» **WHAT THE TASK REQUIRES**
In the entries below, find every line with the string "dxfattribs" and copy it.
--
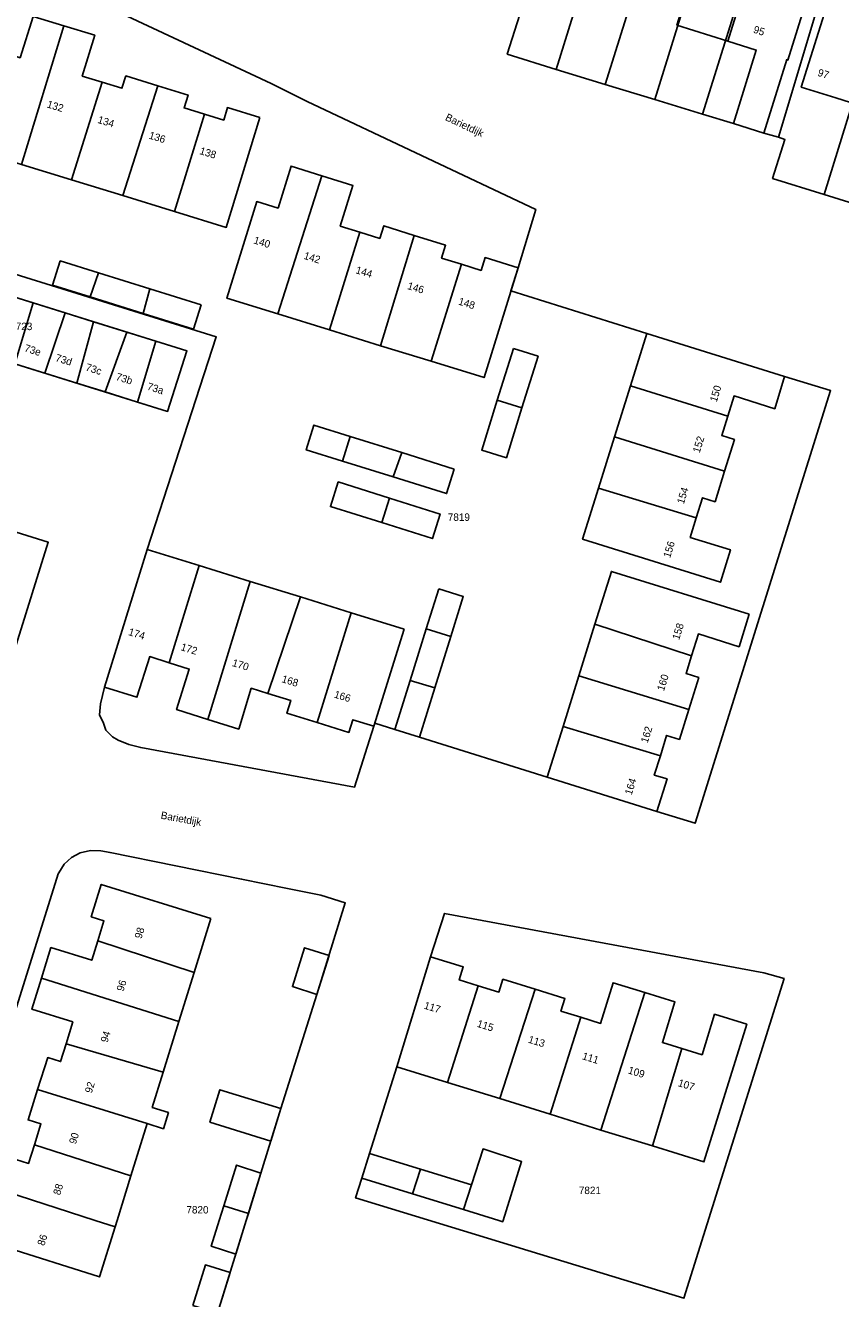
# Model space of a CAD drawing. Header units: metres. Extents: x 91564 to 92566, y 393362 to 394362.
# Tile 54 of 86: x 92424 to 92500, y 393493 to 393612. Entities that reach past the tile are written whole.
import ezdxf

# ---------------------------------------------------------------- set-up
doc = ezdxf.new("R2010")
doc.units = ezdxf.units.M
for name, color, linetype in [('ADRES', 1, 'CONTINUOUS'), ('PAND', 1, 'CONTINUOUS'), ('PERCEEL', 7, 'CONTINUOUS'), ('PERCEELNUMMER', 7, 'CONTINUOUS')]:
    doc.layers.add(name, color=color, linetype=linetype)

msp = doc.modelspace()

# ---------------------------------------------------------------- linework, layer by layer
at = {"layer": 'PAND'}
for points in [[(92492.713, 393620.128), (92490.187, 393620.915), (92491.997, 393626.717), (92489.723, 393627.427), (92488.841, 393624.592), (92485.061, 393612.443), (92489.847, 393610.935), (92492.713, 393620.128)], [(92499.288, 393621.347), (92496.166, 393622.32), (92495.238, 393619.341), (92492.713, 393620.128), (92489.847, 393610.935), (92492.525, 393610.091), (92490.37, 393603.188), (92493.235, 393602.295), (92495.386, 393609.197), (92495.491, 393609.165), (92499.288, 393621.347)], [(92504.373, 393614.3), (92502.085, 393615.014), (92503.015, 393617.992), (92500.553, 393618.761), (92500, 393616.991), (92496.757, 393606.61), (92500, 393605.597), (92501.389, 393605.163), (92504.373, 393614.3)], [(92427.376, 393612.383), (92424.501, 393613.265), (92423.261, 393609.376), (92421.395, 393609.978), (92418.474, 393600.844), (92423.396, 393599.333), (92427.376, 393612.383)], [(92430.973, 393607.086), (92429.113, 393607.657), (92430.288, 393611.49), (92427.376, 393612.383), (92423.396, 393599.333), (92428.092, 393597.891), (92430.973, 393607.086)], [(92436.221, 393606.742), (92433.216, 393607.667), (92432.841, 393606.513), (92430.973, 393607.086), (92428.092, 393597.891), (92432.929, 393596.406), (92436.221, 393606.742)], [(92440.602, 393604.074), (92438.692, 393604.662), (92439.063, 393605.867), (92436.221, 393606.742), (92432.929, 393596.406), (92437.804, 393594.91), (92440.602, 393604.074)], [(92445.822, 393603.756), (92442.769, 393604.693), (92442.42, 393603.515), (92440.602, 393604.074), (92437.804, 393594.91), (92442.65, 393593.422), (92445.822, 393603.756)], [(92451.655, 393598.284), (92448.756, 393599.193), (92447.526, 393595.229), (92445.53, 393595.847), (92442.721, 393586.761), (92447.498, 393585.284), (92451.655, 393598.284)], [(92455.22, 393592.963), (92453.377, 393593.541), (92454.577, 393597.367), (92451.655, 393598.284), (92447.498, 393585.284), (92452.378, 393583.776), (92455.22, 393592.963)], [(92460.334, 393592.67), (92457.478, 393593.567), (92457.099, 393592.374), (92455.22, 393592.963), (92452.378, 393583.776), (92457.183, 393582.291), (92460.334, 393592.67)], [(92464.789, 393589.949), (92462.914, 393590.538), (92463.292, 393591.74), (92460.334, 393592.67), (92457.183, 393582.291), (92461.933, 393580.822), (92464.789, 393589.949)], [(92430.635, 393589.149), (92427.04, 393590.265), (92426.321, 393587.969), (92429.849, 393586.874), (92430.635, 393589.149)], [(92470.107, 393589.621), (92467.004, 393590.58), (92466.635, 393589.369), (92464.789, 393589.949), (92461.933, 393580.822), (92466.912, 393579.283), (92470.107, 393589.621)], [(92435.48, 393587.646), (92430.635, 393589.149), (92429.849, 393586.874), (92434.833, 393585.327), (92435.48, 393587.646)], [(92424.495, 393586.313), (92421.685, 393587.189), (92419.773, 393581.527), (92422.758, 393580.595), (92424.495, 393586.313)], [(92440.31, 393586.147), (92435.48, 393587.646), (92434.833, 393585.327), (92439.591, 393583.85), (92440.31, 393586.147)], [(92427.512, 393585.372), (92424.495, 393586.313), (92422.758, 393580.595), (92425.599, 393579.709), (92427.512, 393585.372)], [(92430.169, 393584.543), (92427.512, 393585.372), (92425.599, 393579.709), (92428.604, 393578.771), (92430.169, 393584.543)], [(92433.304, 393583.565), (92430.169, 393584.543), (92428.604, 393578.771), (92431.269, 393577.94), (92433.304, 393583.565)], [(92436.03, 393582.714), (92433.304, 393583.565), (92431.269, 393577.94), (92434.313, 393576.99), (92436.03, 393582.714)], [(92495.183, 393579.401), (92482.235, 393583.452), (92480.693, 393578.526), (92489.834, 393575.653), (92490.432, 393577.563), (92494.259, 393576.365), (92495.183, 393579.401)], [(92436.03, 393582.714), (92434.313, 393576.99), (92437.141, 393576.108), (92438.961, 393581.8), (92436.03, 393582.714)], [(92469.666, 393582.013), (92468.16, 393577.17), (92470.48, 393576.446), (92471.987, 393581.291), (92469.666, 393582.013)], [(92489.834, 393575.653), (92480.693, 393578.526), (92479.192, 393573.726), (92489.541, 393570.495), (92490.47, 393573.465), (92489.267, 393573.841), (92489.834, 393575.653)], [(92470.48, 393576.446), (92468.16, 393577.17), (92466.697, 393572.464), (92469.017, 393571.742), (92470.48, 393576.446)], [(92454.311, 393573.754), (92450.907, 393574.822), (92450.186, 393572.489), (92453.585, 393571.43), (92454.311, 393573.754)], [(92459.167, 393572.23), (92454.311, 393573.754), (92453.585, 393571.43), (92458.361, 393569.941), (92459.167, 393572.23)], [(92489.541, 393570.495), (92479.192, 393573.726), (92477.674, 393568.876), (92486.877, 393566.1), (92487.452, 393567.98), (92488.64, 393567.617), (92489.541, 393570.495)], [(92464.111, 393570.678), (92459.167, 393572.23), (92458.361, 393569.941), (92463.385, 393568.375), (92464.111, 393570.678)], [(92458.012, 393567.959), (92453.199, 393569.479), (92452.464, 393567.151), (92457.281, 393565.645), (92458.012, 393567.959)], [(92486.877, 393566.1), (92477.674, 393568.876), (92476.179, 393564.097), (92489.142, 393560.043), (92490.094, 393563.094), (92486.312, 393564.251), (92486.877, 393566.1)], [(92458.012, 393567.959), (92457.281, 393565.645), (92462.061, 393564.151), (92462.781, 393566.453), (92458.012, 393567.959)], [(92440.109, 393561.602), (92435.217, 393563.117), (92431.205, 393550.164), (92434.259, 393549.218), (92435.458, 393553.037), (92437.297, 393552.461), (92440.109, 393561.602)], [(92444.911, 393560.115), (92440.109, 393561.602), (92437.297, 393552.461), (92439.18, 393551.871), (92437.984, 393548.054), (92440.92, 393547.134), (92444.911, 393560.115)], [(92491.845, 393557.02), (92478.886, 393561.058), (92477.337, 393556.079), (92486.439, 393553.116), (92487.08, 393555.169), (92490.898, 393553.977), (92491.845, 393557.02)], [(92449.628, 393558.654), (92444.911, 393560.115), (92440.92, 393547.134), (92443.827, 393546.224), (92445.005, 393550.065), (92446.559, 393549.586), (92449.628, 393558.654)], [(92462.645, 393559.414), (92461.475, 393555.658), (92463.79, 393554.947), (92464.958, 393558.694), (92462.645, 393559.414)], [(92454.408, 393557.173), (92449.628, 393558.654), (92446.559, 393549.586), (92448.732, 393548.916), (92448.36, 393547.712), (92451.21, 393546.833), (92454.408, 393557.173)], [(92459.404, 393555.626), (92454.408, 393557.173), (92451.21, 393546.833), (92454.204, 393545.91), (92454.563, 393547.101), (92456.556, 393546.485), (92459.404, 393555.626)], [(92463.79, 393554.947), (92461.475, 393555.658), (92459.96, 393550.794), (92462.278, 393550.097), (92463.79, 393554.947)], [(92486.439, 393553.116), (92477.337, 393556.079), (92475.833, 393551.246), (92486.174, 393548.068), (92487.111, 393551.07), (92485.918, 393551.446), (92486.439, 393553.116)], [(92459.96, 393550.794), (92458.525, 393546.185), (92460.834, 393545.464), (92462.278, 393550.097), (92459.96, 393550.794)], [(92486.174, 393548.068), (92475.833, 393551.246), (92474.346, 393546.469), (92483.496, 393543.718), (92484.091, 393545.623), (92485.294, 393545.248), (92486.174, 393548.068)], [(92483.496, 393543.718), (92474.346, 393546.469), (92472.859, 393541.694), (92483.18, 393538.482), (92484.125, 393541.531), (92482.929, 393541.901), (92483.496, 393543.718)], [(92441.22, 393528.406), (92430.895, 393531.619), (92429.95, 393528.571), (92431.154, 393528.198), (92430.566, 393526.3), (92439.641, 393523.328), (92441.22, 393528.406)], [(92439.641, 393523.328), (92430.566, 393526.3), (92429.999, 393524.473), (92426.159, 393525.664), (92425.272, 393522.782), (92438.208, 393518.718), (92439.641, 393523.328)], [(92452.325, 393524.924), (92450.018, 393525.651), (92448.884, 393521.995), (92451.191, 393521.269), (92452.325, 393524.924)], [(92466.352, 393522.086), (92464.583, 393522.632), (92464.952, 393523.848), (92461.887, 393524.792), (92458.706, 393514.46), (92463.483, 393512.98), (92466.352, 393522.086)], [(92438.208, 393518.718), (92425.272, 393522.782), (92424.374, 393519.866), (92428.215, 393518.679), (92427.581, 393516.628), (92436.726, 393513.953), (92438.208, 393518.718)], [(92471.705, 393521.753), (92468.681, 393522.686), (92468.31, 393521.482), (92466.352, 393522.086), (92463.483, 393512.98), (92468.382, 393511.461), (92471.705, 393521.753)], [(92482.031, 393521.439), (92479.05, 393522.361), (92477.869, 393518.54), (92476.023, 393519.111), (92473.14, 393509.986), (92477.908, 393508.508), (92482.031, 393521.439)], [(92476.023, 393519.111), (92474.143, 393519.692), (92474.52, 393520.885), (92471.705, 393521.753), (92468.382, 393511.461), (92473.14, 393509.986), (92476.023, 393519.111)], [(92485.526, 393516.17), (92483.692, 393516.739), (92484.871, 393520.561), (92482.031, 393521.439), (92477.908, 393508.508), (92482.756, 393507.005), (92485.526, 393516.17)], [(92485.526, 393516.17), (92482.756, 393507.005), (92487.602, 393505.503), (92491.63, 393518.463), (92488.603, 393519.403), (92487.417, 393515.583), (92485.526, 393516.17)], [(92436.726, 393513.953), (92427.581, 393516.628), (92427.064, 393514.953), (92425.86, 393515.325), (92424.913, 393512.307), (92435.221, 393509.111), (92436.745, 393508.625), (92437.22, 393510.153), (92435.696, 393510.639), (92436.726, 393513.953)], [(92435.221, 393509.111), (92424.913, 393512.307), (92424.019, 393509.46), (92425.222, 393509.085), (92424.611, 393507.127), (92433.694, 393504.201), (92435.221, 393509.111)], [(92447.799, 393510.531), (92442.067, 393512.303), (92441.121, 393509.247), (92446.853, 393507.474), (92447.799, 393510.531)], [(92433.694, 393504.201), (92424.611, 393507.127), (92424.061, 393505.362), (92422.858, 393505.737), (92421.912, 393502.71), (92430.324, 393500), (92432.2, 393499.396), (92432.388, 393500), (92433.694, 393504.201)], [(92465.734, 393503.363), (92464.98, 393501.028), (92468.313, 393500), (92468.689, 393499.884), (92468.725, 393500), (92470.438, 393505.54), (92466.822, 393506.734), (92465.734, 393503.363)], [(92460.92, 393504.836), (92456.14, 393506.3), (92455.411, 393503.979), (92460.188, 393502.505), (92460.92, 393504.836)], [(92442.427, 393501.388), (92444.74, 393500.643), (92445.922, 393504.464), (92443.609, 393505.209), (92442.427, 393501.388)], [(92465.734, 393503.363), (92460.92, 393504.836), (92460.188, 393502.505), (92464.98, 393501.028), (92465.734, 393503.363)], [(92432.2, 393499.396), (92430.324, 393500), (92421.912, 393502.71), (92421.065, 393500), (92421.049, 393499.95), (92422.252, 393499.576), (92421.618, 393497.573), (92430.736, 393494.687), (92432.2, 393499.396)], [(92444.541, 393500), (92444.74, 393500.643), (92442.427, 393501.388), (92441.997, 393500), (92441.244, 393497.567), (92443.558, 393496.822), (92444.541, 393500)], [(92439.522, 393491.999), (92441.844, 393491.281), (92443.026, 393495.101), (92440.704, 393495.82), (92439.522, 393491.999)]]:
    msp.add_lwpolyline(points, dxfattribs=at)
at = {"layer": 'PERCEEL'}
for points in [[(92470.04, 393612.65), (92469.09, 393609.715), (92473.691, 393608.287), (92482.247, 393635.847), (92478.68, 393636.96), (92477.836, 393637.193), (92470.04, 393612.65)], [(92473.691, 393608.287), (92478.319, 393606.872), (92486.94, 393634.382), (92483.257, 393635.532), (92482.247, 393635.847), (92473.691, 393608.287)], [(92478.319, 393606.872), (92482.97, 393605.449), (92491.514, 393632.954), (92490.264, 393633.344), (92486.94, 393634.382), (92478.319, 393606.872)], [(92482.97, 393605.449), (92487.457, 393604.076), (92496.041, 393631.541), (92491.514, 393632.954), (92482.97, 393605.449)], [(92487.457, 393604.076), (92490.37, 393603.185), (92493.235, 393602.295), (92494.605, 393601.915), (92502.855, 393629.414), (92497.066, 393631.221), (92496.041, 393631.541), (92487.457, 393604.076)], [(92494.605, 393601.915), (92495.21, 393601.7), (92494.055, 393598.025), (92498.901, 393596.523), (92508.541, 393627.652), (92502.855, 393629.414), (92494.605, 393601.915)], [(92498.901, 393596.523), (92503.555, 393595.068), (92513.179, 393626.215), (92508.541, 393627.652), (92498.901, 393596.523)], [(92528.575, 393620.454), (92519.25, 393590.202), (92512.652, 393592.245), (92508.189, 393593.634), (92503.555, 393595.068), (92498.901, 393596.523), (92494.055, 393598.025), (92495.21, 393601.7), (92494.605, 393601.915), (92493.235, 393602.295), (92490.37, 393603.185), (92487.457, 393604.076), (92482.97, 393605.449), (92478.319, 393606.872), (92473.691, 393608.287), (92469.09, 393609.715), (92470.04, 393612.65)], [(92410.686, 393592.786), (92441.72, 393583.132), (92435.215, 393563.115), (92431.205, 393550.16), (92430.828, 393548.602), (92430.733, 393547.575), (92431.098, 393546.78), (92431.313, 393546.121), (92431.944, 393545.499), (92432.488, 393545.177), (92433.477, 393544.785), (92434.615, 393544.486), (92454.73, 393540.77), (92456.555, 393546.485), (92456.644, 393546.77), (92458.525, 393546.185), (92460.83, 393545.46), (92472.855, 393541.69), (92483.18, 393538.48), (92486.77, 393537.37), (92499.51, 393578.06), (92495.18, 393579.4), (92482.235, 393583.45), (92469.432, 393587.439), (92470.105, 393589.62), (92471.775, 393595.11), (92450.277, 393605.267), (92446.88, 393606.95), (92419.29, 393619.887)], [(92419.29, 393619.887), (92446.88, 393606.95), (92450.277, 393605.267), (92471.775, 393595.11), (92470.105, 393589.62), (92469.432, 393587.439), (92482.235, 393583.45), (92495.18, 393579.4), (92499.51, 393578.06), (92486.77, 393537.37), (92483.18, 393538.48), (92472.855, 393541.69), (92460.83, 393545.46), (92458.525, 393546.185), (92456.644, 393546.77), (92456.555, 393546.485), (92454.73, 393540.77), (92434.615, 393544.486), (92433.477, 393544.785), (92432.488, 393545.177), (92431.944, 393545.499), (92431.313, 393546.121), (92431.098, 393546.78), (92430.733, 393547.575), (92430.828, 393548.602), (92431.205, 393550.16), (92435.215, 393563.115), (92441.72, 393583.132), (92410.686, 393592.786)], [(92408.28, 393585.11), (92410.1, 393590.8), (92415.797, 393589.023), (92438.96, 393581.8), (92437.14, 393576.105), (92413.995, 393583.327), (92408.28, 393585.11)], [(92415.797, 393589.023), (92413.995, 393583.327), (92437.14, 393576.105), (92438.96, 393581.8), (92415.797, 393589.023)], [(92398.535, 393574.585), (92397.91, 393572.605), (92396.074, 393566.781), (92394.331, 393561.251), (92392.528, 393555.532), (92390.719, 393549.793), (92388.892, 393543.996), (92388.481, 393542.693), (92402.634, 393538.269), (92411.767, 393535.414), (92416.566, 393533.914), (92425.905, 393563.8), (92418.935, 393565.96), (92408.599, 393569.128), (92401.693, 393571.366), (92402.351, 393573.446), (92398.535, 393574.585)], [(92418.935, 393565.96), (92425.905, 393563.8), (92416.566, 393533.914)], [(92426.852, 393532.6), (92421.71, 393516.135), (92416.66, 393500), (92408.185, 393473.47), (92433.707, 393465.442), (92435.23, 393470.285), (92438.088, 393479.404), (92441.84, 393491.28), (92447.795, 393510.53), (92451.19, 393521.265), (92453.86, 393529.87), (92451.56, 393530.6), (92448.43, 393531.232), (92444.093, 393532.109), (92431.723, 393534.607), (92430.844, 393534.785), (92429.886, 393534.813), (92428.918, 393534.583), (92428.102, 393534.143), (92427.411, 393533.504), (92426.893, 393532.691), (92426.852, 393532.6)], [(92408.185, 393473.47), (92416.66, 393500), (92421.71, 393516.135), (92426.852, 393532.6), (92426.893, 393532.691), (92427.411, 393533.504), (92428.102, 393534.143), (92428.918, 393534.583), (92429.886, 393534.813), (92430.844, 393534.785), (92431.723, 393534.607), (92444.093, 393532.109), (92448.43, 393531.232), (92451.56, 393530.6), (92453.86, 393529.87), (92451.19, 393521.265), (92447.795, 393510.53), (92441.84, 393491.28), (92438.088, 393479.404), (92435.23, 393470.285), (92433.707, 393465.442), (92408.185, 393473.47)], [(92463.175, 393528.88), (92461.885, 393524.79), (92458.705, 393514.46), (92456.14, 393506.3), (92455.41, 393503.975), (92454.818, 393502.124), (92485.72, 393492.685), (92495.134, 393522.761), (92493.225, 393523.28), (92463.175, 393528.88)], [(92454.818, 393502.124), (92455.41, 393503.975), (92456.14, 393506.3), (92458.705, 393514.46), (92461.885, 393524.79), (92463.175, 393528.88), (92493.225, 393523.28), (92495.134, 393522.761), (92485.72, 393492.685), (92454.818, 393502.124)]]:
    msp.add_lwpolyline(points, dxfattribs=at)

# ---------------------------------------------------------------- texts
at = {"layer": 'ADRES'}
for s, rotation, p in [('95', 342.502, (92492.186, 393611.747)), ('97', 342.599, (92498.238, 393607.694)), ('132', 343, (92425.729, 393604.717)), ('134', 343, (92430.499, 393603.26)), ('Barietdijk', 334.698, (92463.197, 393603.534)), ('136', 343, (92435.321, 393601.787)), ('138', 343, (92440.091, 393600.328)), ('140', 342.605, (92445.174, 393591.927)), ('142', 342.605, (92449.89, 393590.472)), ('144', 343, (92454.778, 393589.118)), ('146', 343, (92459.643, 393587.631)), ('148', 342.8, (92464.435, 393586.172)), ('73e', 342.697, (92423.604, 393581.771)), ('73d', 342.697, (92426.527, 393580.859)), ('73c', 342.697, (92429.362, 393579.975)), ('73b', 342.599, (92432.216, 393579.086)), ('73a', 342.697, (92435.152, 393578.168)), ('150', 73.098, (92488.798, 393576.936)), ('152', 72.8, (92487.192, 393572.154)), ('154', 72.8, (92485.702, 393567.341)), ('156', 72.703, (92484.416, 393562.279)), ('174', 342.8, (92433.395, 393555.082)), ('158', 72.703, (92485.262, 393554.564)), ('172', 342.897, (92438.32, 393553.66)), ('170', 342.897, (92443.157, 393552.168)), ('168', 342.897, (92447.814, 393550.651)), ('160', 72.605, (92483.831, 393549.757)), ('166', 342.897, (92452.744, 393549.203)), ('162', 72.605, (92482.296, 393544.857)), ('164', 72.8, (92480.795, 393539.971)), ('Barietdijk', 349.698, (92436.454, 393537.802)), ('98', 72.8, (92434.674, 393526.451)), ('96', 72.697, (92432.98, 393521.501)), ('117', 342.903, (92461.2, 393519.942)), ('115', 342.903, (92466.19, 393518.228)), ('94', 72.697, (92431.479, 393516.683)), ('113', 342.903, (92471.008, 393516.741)), ('111', 342.897, (92476.086, 393515.177)), ('109', 342.897, (92480.401, 393513.846)), ('92', 72.697, (92429.997, 393511.916)), ('107', 342.8, (92485.102, 393512.652)), ('90', 72.697, (92428.51, 393507.133)), ('88', 72.697, (92427.013, 393502.331)), ('86', 72.697, (92425.532, 393497.566))]:
    msp.add_text(s, height=0.7, rotation=rotation, dxfattribs=at).set_placement(p)
at = {"layer": 'PERCEELNUMMER'}
for s, p in [('8723', (92422.331, 393583.755)), ('7819', (92463.499, 393565.812)), ('7821', (92475.827, 393502.482)), ('7820', (92438.907, 393500.655))]:
    msp.add_text(s, height=0.7, dxfattribs=at).set_placement(p)

doc.saveas('drawing.dxf')
--
» **TASK OUTPUT**
    msp.add_lwpolyline(points, dxfattribs=at)
    msp.add_lwpolyline(points, dxfattribs=at)
    msp.add_text(s, height=0.7, rotation=rotation, dxfattribs=at).set_placement(p)
    msp.add_text(s, height=0.7, dxfattribs=at).set_placement(p)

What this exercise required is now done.